Three “experiments” or groups of trial runs were conducted at the May 2009, June 2009, and July 2009 expiries.  “Sweet spots” or optimal settings were found by grid search for each of them:

May

liquidation constant            0.215

plateau size                    13.7

distanceToUnderWeight           0.322

creditToMaxExposureWeight       3.8

first minCreditToMaxExposure    11.815

second minCreditToMaxExposure   11.603

 

 

June

liquidation constant            0.215

plateau size                    8.07

distanceToUnderWeight           0.322

creditToMaxExposureWeight       0.37

first minCreditToMaxExposure    4.021

second minCreditToMaxExposure   11.603

 

July

liquidation constant            0.935

plateau size                    13.7

distanceToUnderWeight           0.322

creditToMaxExposureWeight       0.37

first minCreditToMaxExposure    4.021

second minCreditToMaxExposure   11.603

 

Overall Sweet Spot

liquidation constant            0.935  

plateau size                    13.7 

distanceToUnderWeight           0.322  

creditToMaxExposureWeight       0.371  

first minCreditToMaxExposure    11.815 

second minCreditToMaxExposure   11.604 

 

The overall sweet spot was produced by a grid search that maximized the profit from all three expiries simultaneously.  There are other ways of doing this.  If the market condition associated with one of the expiries is unusual it could be weighted less.  Ideally a weighting scheme would be used that is proportional to the frequency of a market condition.  In the present case equal weighting was employed.

We can see from the variation in the settings by expiry that they are sensitive market conditions.  The individual sweet spots produced the following results:

May       $780

June      -$1771

July        $9144

Total      $8154

 

The overall sweet spot produced the following results:

May       -$22230

June      -$11646

July        $3894

Total      -$29982

 

Clearly the issue of the differing market conditions hasn’t been resolved.  We could try some sort of weighting scheme.  Alternatively, a relationship of the variation of these parameters with the VIX looks plausible.
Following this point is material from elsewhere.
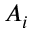<formula> <loc_0><loc_0><loc_500><loc_500>A _ { i }</formula>

The VIX tracked these three months closely and it might be useful to have some of the settings track the VIX.  On that basis we let the “liquidation constant” be linearly inverse to the VIX, and let the first MinCreditToMaxExposure and creditToMaxExposureWeight be positively linear with respect to the VIX.  Such a scheme produced the following results:

May       $760

June      -$2004

July        $6504

Total      $5260

 

This result isn’t as good as the individual sweet spots, but it has the advantage of not having to predict the market conditions. 

 

Conclusion

 

Design of Experiments is a feasible means for finding optimal settings for trading systems that can be back-tested through computer simulation on historical data.  It is the only feasible means for trading systems that are heavy consumers of time and resources.  Using a statistical criterion a design matrix of parameter settings is selected that efficiently sample the parameter space dramatically improving the task of searching for the optimal settings. 

 

The efficient use of time and resources allows for further investigation of the trading system.  Multiple objectives can be analyzed, and multiple experiments become feasible permitting improvements in the model for handling changing market conditions.

 

Because we save large amounts of time using DOE, we can run more experiments, gain more knowledge and perspective from each experiment, and discover more and more ways to incrementally improve the model.